### Task to carry out:
Every record is to be duplicated exactly as it reads, without its images.

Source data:

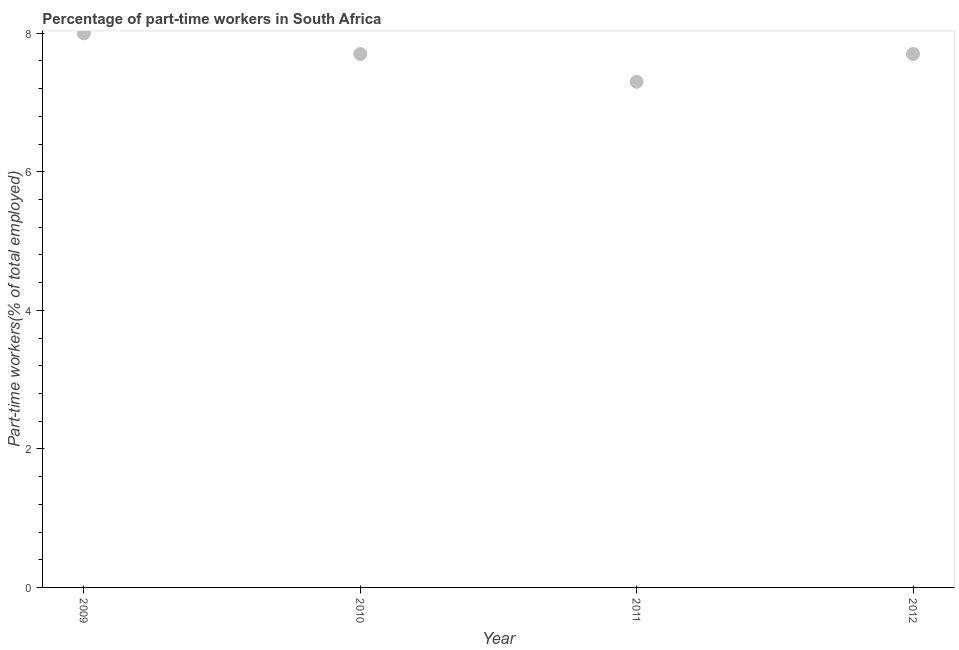What is the percentage of part-time workers in 2010?
Offer a terse response. 7.7. Across all years, what is the minimum percentage of part-time workers?
Keep it short and to the point. 7.3. In which year was the percentage of part-time workers maximum?
Ensure brevity in your answer.  2009. In which year was the percentage of part-time workers minimum?
Keep it short and to the point. 2011. What is the sum of the percentage of part-time workers?
Your answer should be very brief. 30.7. What is the difference between the percentage of part-time workers in 2009 and 2011?
Ensure brevity in your answer.  0.7. What is the average percentage of part-time workers per year?
Make the answer very short. 7.67. What is the median percentage of part-time workers?
Give a very brief answer. 7.7. In how many years, is the percentage of part-time workers greater than 4.8 %?
Provide a succinct answer. 4. What is the ratio of the percentage of part-time workers in 2010 to that in 2011?
Your response must be concise. 1.05. Is the percentage of part-time workers in 2009 less than that in 2012?
Provide a short and direct response. No. What is the difference between the highest and the second highest percentage of part-time workers?
Provide a short and direct response. 0.3. What is the difference between the highest and the lowest percentage of part-time workers?
Your answer should be compact. 0.7. How many dotlines are there?
Your answer should be compact. 1. How many years are there in the graph?
Make the answer very short. 4. What is the difference between two consecutive major ticks on the Y-axis?
Your answer should be very brief. 2. Are the values on the major ticks of Y-axis written in scientific E-notation?
Offer a terse response. No. What is the title of the graph?
Provide a succinct answer. Percentage of part-time workers in South Africa. What is the label or title of the X-axis?
Your answer should be compact. Year. What is the label or title of the Y-axis?
Offer a terse response. Part-time workers(% of total employed). What is the Part-time workers(% of total employed) in 2009?
Provide a short and direct response. 8. What is the Part-time workers(% of total employed) in 2010?
Give a very brief answer. 7.7. What is the Part-time workers(% of total employed) in 2011?
Ensure brevity in your answer.  7.3. What is the Part-time workers(% of total employed) in 2012?
Offer a very short reply. 7.7. What is the difference between the Part-time workers(% of total employed) in 2009 and 2011?
Offer a terse response. 0.7. What is the difference between the Part-time workers(% of total employed) in 2010 and 2011?
Make the answer very short. 0.4. What is the difference between the Part-time workers(% of total employed) in 2010 and 2012?
Offer a very short reply. 0. What is the ratio of the Part-time workers(% of total employed) in 2009 to that in 2010?
Your answer should be compact. 1.04. What is the ratio of the Part-time workers(% of total employed) in 2009 to that in 2011?
Your answer should be very brief. 1.1. What is the ratio of the Part-time workers(% of total employed) in 2009 to that in 2012?
Your response must be concise. 1.04. What is the ratio of the Part-time workers(% of total employed) in 2010 to that in 2011?
Your answer should be compact. 1.05. What is the ratio of the Part-time workers(% of total employed) in 2010 to that in 2012?
Keep it short and to the point. 1. What is the ratio of the Part-time workers(% of total employed) in 2011 to that in 2012?
Keep it short and to the point. 0.95. 
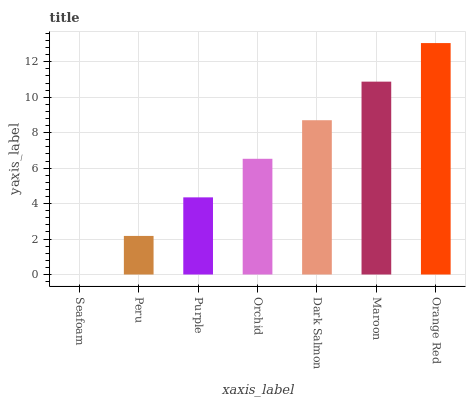Is Peru the minimum?
Answer yes or no. No. Is Peru the maximum?
Answer yes or no. No. Is Peru greater than Seafoam?
Answer yes or no. Yes. Is Seafoam less than Peru?
Answer yes or no. Yes. Is Seafoam greater than Peru?
Answer yes or no. No. Is Peru less than Seafoam?
Answer yes or no. No. Is Orchid the high median?
Answer yes or no. Yes. Is Orchid the low median?
Answer yes or no. Yes. Is Orange Red the high median?
Answer yes or no. No. Is Seafoam the low median?
Answer yes or no. No. 
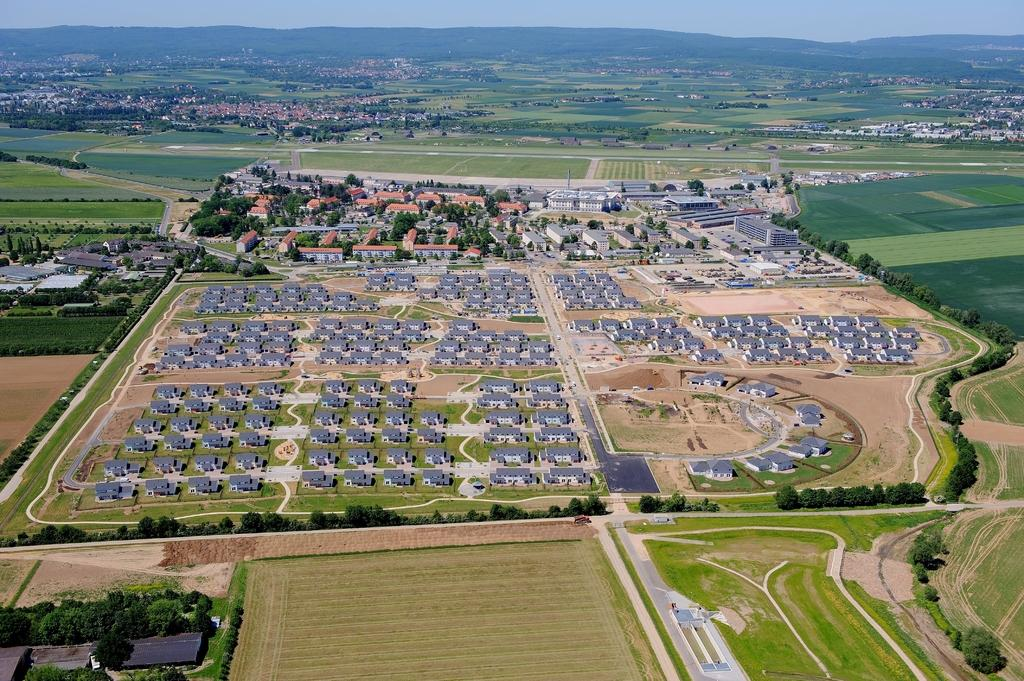What type of structures can be seen in the image? There are buildings in the image. What type of vegetation is present in the image? There are trees in the image. What type of ground cover is present in the image? There is grass in the image. Can you tell me where the maid is giving a haircut in the image? There is no maid or haircut present in the image. What type of rest can be seen in the image? There is no rest or resting activity depicted in the image.

### Completed task:
What is the percentage of part-time workers in 2010?
Offer a terse response. 7.7. Across all years, what is the minimum percentage of part-time workers?
Keep it short and to the point. 7.3. In which year was the percentage of part-time workers maximum?
Ensure brevity in your answer.  2009. In which year was the percentage of part-time workers minimum?
Keep it short and to the point. 2011. What is the sum of the percentage of part-time workers?
Your answer should be very brief. 30.7. What is the difference between the percentage of part-time workers in 2009 and 2011?
Ensure brevity in your answer.  0.7. What is the average percentage of part-time workers per year?
Make the answer very short. 7.67. What is the median percentage of part-time workers?
Give a very brief answer. 7.7. In how many years, is the percentage of part-time workers greater than 4.8 %?
Provide a succinct answer. 4. What is the ratio of the percentage of part-time workers in 2010 to that in 2011?
Your response must be concise. 1.05. Is the percentage of part-time workers in 2009 less than that in 2012?
Provide a short and direct response. No. What is the difference between the highest and the second highest percentage of part-time workers?
Provide a short and direct response. 0.3. What is the difference between the highest and the lowest percentage of part-time workers?
Your answer should be compact. 0.7. How many dotlines are there?
Your answer should be compact. 1. How many years are there in the graph?
Make the answer very short. 4. What is the difference between two consecutive major ticks on the Y-axis?
Your answer should be very brief. 2. Are the values on the major ticks of Y-axis written in scientific E-notation?
Offer a terse response. No. What is the title of the graph?
Provide a succinct answer. Percentage of part-time workers in South Africa. What is the label or title of the X-axis?
Your answer should be compact. Year. What is the label or title of the Y-axis?
Offer a terse response. Part-time workers(% of total employed). What is the Part-time workers(% of total employed) in 2009?
Provide a short and direct response. 8. What is the Part-time workers(% of total employed) in 2010?
Give a very brief answer. 7.7. What is the Part-time workers(% of total employed) in 2011?
Ensure brevity in your answer.  7.3. What is the Part-time workers(% of total employed) in 2012?
Offer a very short reply. 7.7. What is the difference between the Part-time workers(% of total employed) in 2009 and 2011?
Offer a terse response. 0.7. What is the difference between the Part-time workers(% of total employed) in 2010 and 2011?
Make the answer very short. 0.4. What is the difference between the Part-time workers(% of total employed) in 2010 and 2012?
Offer a very short reply. 0. What is the ratio of the Part-time workers(% of total employed) in 2009 to that in 2010?
Your answer should be compact. 1.04. What is the ratio of the Part-time workers(% of total employed) in 2009 to that in 2011?
Your answer should be very brief. 1.1. What is the ratio of the Part-time workers(% of total employed) in 2009 to that in 2012?
Your response must be concise. 1.04. What is the ratio of the Part-time workers(% of total employed) in 2010 to that in 2011?
Your answer should be compact. 1.05. What is the ratio of the Part-time workers(% of total employed) in 2010 to that in 2012?
Keep it short and to the point. 1. What is the ratio of the Part-time workers(% of total employed) in 2011 to that in 2012?
Keep it short and to the point. 0.95. 
Is Peru the minimum?
Answer yes or no. No. Is Peru the maximum?
Answer yes or no. No. Is Peru greater than Seafoam?
Answer yes or no. Yes. Is Seafoam less than Peru?
Answer yes or no. Yes. Is Seafoam greater than Peru?
Answer yes or no. No. Is Peru less than Seafoam?
Answer yes or no. No. Is Orchid the high median?
Answer yes or no. Yes. Is Orchid the low median?
Answer yes or no. Yes. Is Orange Red the high median?
Answer yes or no. No. Is Seafoam the low median?
Answer yes or no. No. 
What type of structures can be seen in the image? There are buildings in the image. What type of vegetation is present in the image? There are trees in the image. What type of ground cover is present in the image? There is grass in the image. Can you tell me where the maid is giving a haircut in the image? There is no maid or haircut present in the image. What type of rest can be seen in the image? There is no rest or resting activity depicted in the image.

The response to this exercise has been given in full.